Semen Analysis and Post Vasectomy Diagnostic using a Smartphone?

An article from March 22 2017 Science Translational Medicine authored by Manoj Kumar Kanakasabapathy1 et al reports on the development of a combination of smartphone software combined with additional, relatively inexpensive hardware, that can be used to perform a portion of a semen analysis (at home).  

Standard semen analysis includes an assessment of sperm concentration, motility (percentage of sperm moving and quality with which they move) and morphology (shape of the sperm).   The new device/software is able to perform an assessment of concentration and motility of the sperm with over a 95% accuracy in terms of whether the specimen does or does not fulfill WHO criteria for a normal specimen (based on only concentration and motility).

The illustration above is taken directly from the publication. http://stm.sciencemag.org/content/9/382/eaai7863/tab-figures-data

As shown in the attached illustration,  the specimen is loaded into a chamber which uses capillary action to pull it in.  The chamber with specimen is then placed into a plastic cradle which holds it in position.  A smart phone is then placed in the same cradle positioning its camera over the specimen.    The cradle also has an optical attachment to modify the ability of the smartphone to “see” the sperm as well as an LED light source, a battery and a microchip.  The components were reported to cost less than $10. 

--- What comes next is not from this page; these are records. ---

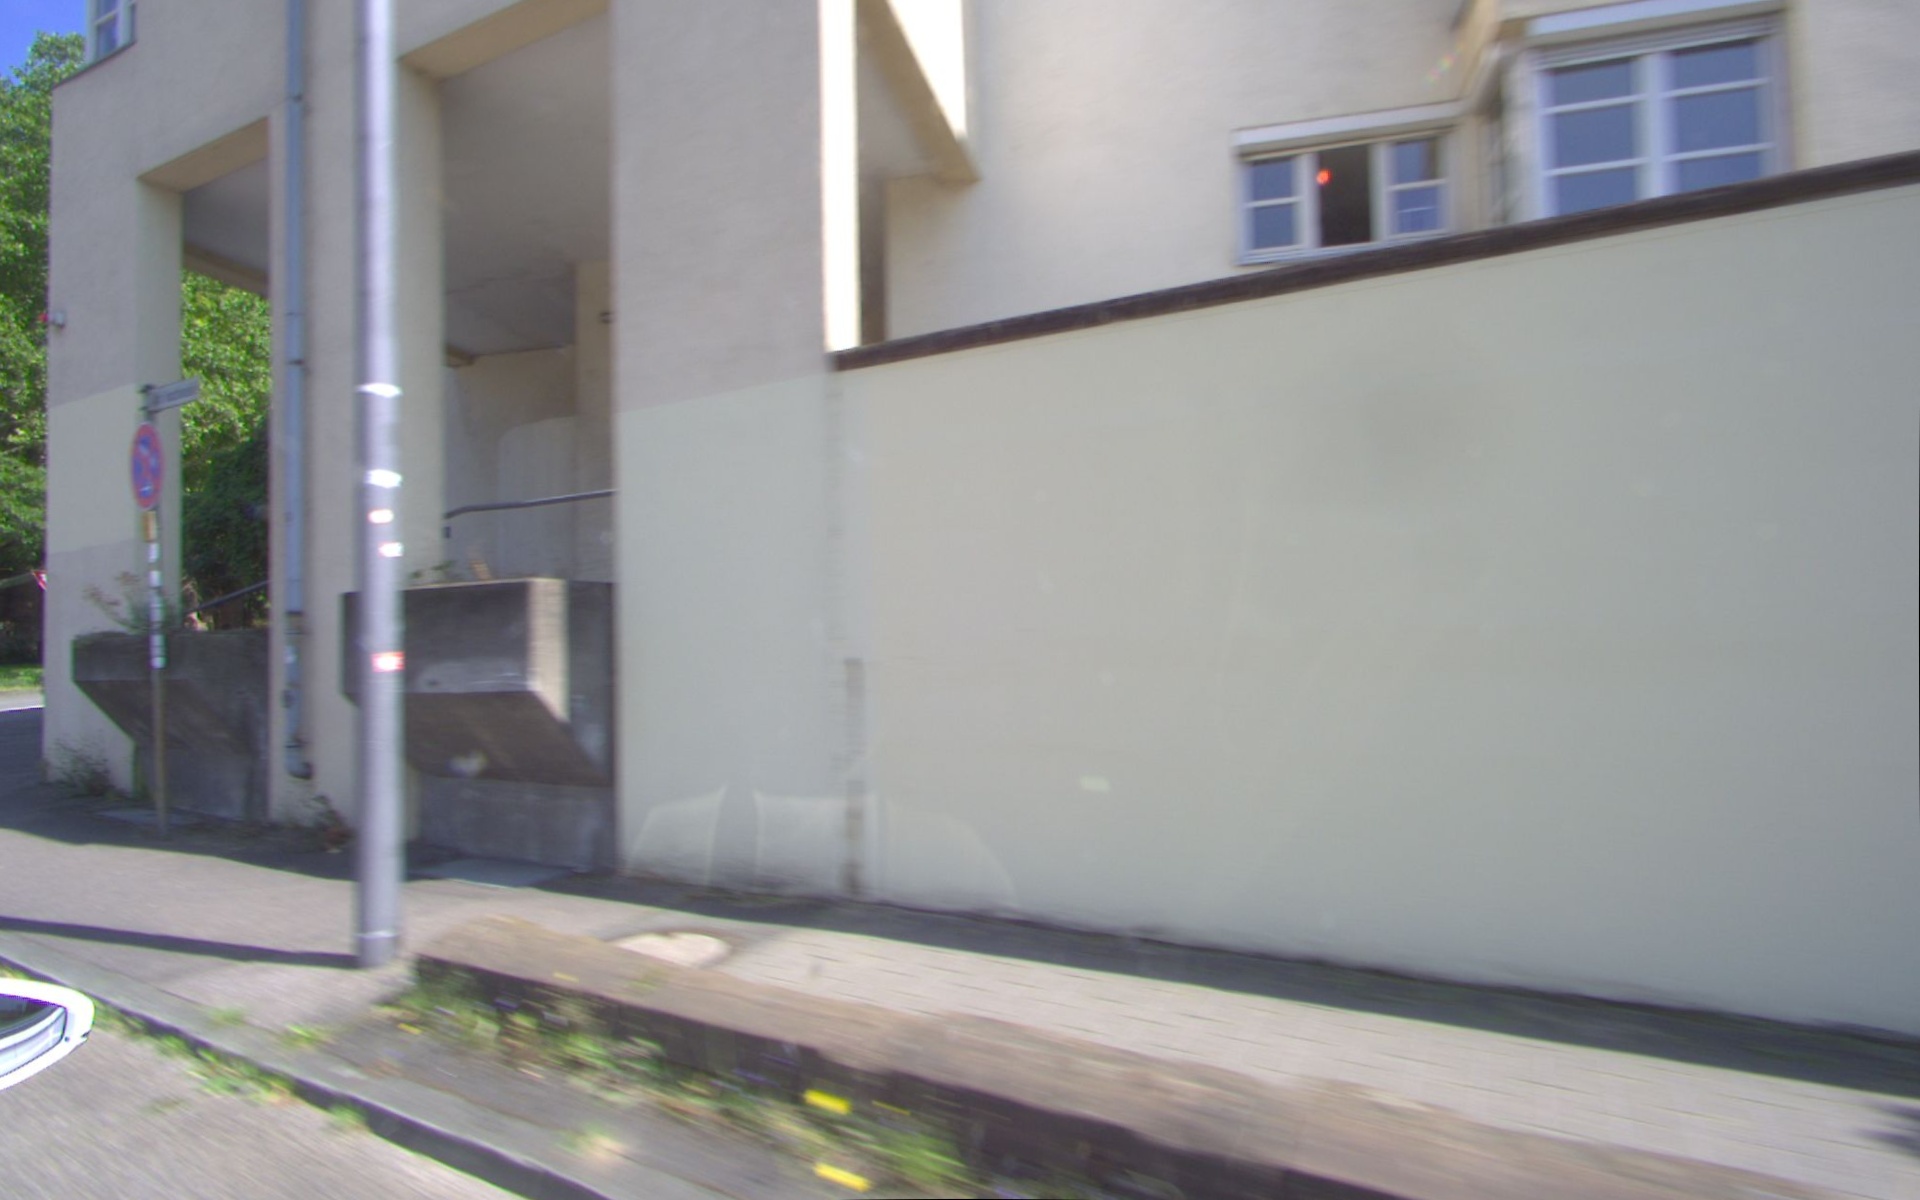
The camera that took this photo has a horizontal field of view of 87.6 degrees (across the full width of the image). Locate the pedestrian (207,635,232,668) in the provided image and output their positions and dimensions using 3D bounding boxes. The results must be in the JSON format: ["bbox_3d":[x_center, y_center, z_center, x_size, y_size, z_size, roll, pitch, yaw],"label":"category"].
[{"bbox_3d":[-39.957,2.791,54.055,0.654,1.777,0.794,-1,-3,22],"label":"pedestrian"}]

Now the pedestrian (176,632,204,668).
[{"bbox_3d":[-38.801,2.508,50.450,0.710,1.777,0.794,-1,-3,22],"label":"pedestrian"}]

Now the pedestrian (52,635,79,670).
[{"bbox_3d":[-47.374,2.763,53.042,0.861,1.805,0.793,-1,0,22],"label":"pedestrian"}]

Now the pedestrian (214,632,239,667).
[{"bbox_3d":[-37.755,2.548,51.544,0.654,1.777,0.794,-1,-3,22],"label":"pedestrian"}]

Dr. Seaman’s comments/concerns:

  1. With respect to post vasectomy semen analysis,  there does not seem to be a cost savings as reimbursement for the test averages around $10-$20 as it is.   The number of samples with <=100,000 sperm/ml actually tested according to the article also appears low.   Still, if the test is better validated, and if the user is comfortable with a “small” chance of error, this could become a viable application.
  2. With respect to routine semen analysis, concerns include: no assessment of sperm morphology and some intrinsic error rate.  In fact the data show results to be less accurate with higher sperm density.  Motility is also performed in a manner similar to computerized assisted semen analysis (CASA)  while the majority of clinics use a manual assessment.   Still, if this is a tool that would motivate or enable potential patients with a problem to come in to be evaluated, then I think this could be a very powerful tool.
  3. Comparison with other take home tests shows this likely is (will be)  superior.  Current home tests include are FertilMARQ and SpermCheck, which use an assay to detect certain sperm-specific proteins.   Trak,  which was recently released, uses a mini-centrifuge centrifugal force to estimate sperm concentration and  has a similar accuracy for determining normal sperm concentration defined as greater than or equal to 15 million sperm/ml. However, none of these tests measure sperm motility.
  4. Kudos to the authors for this impressive adaptation of cell phone technology to the medical space.  Can’t wait to see what else they come up with.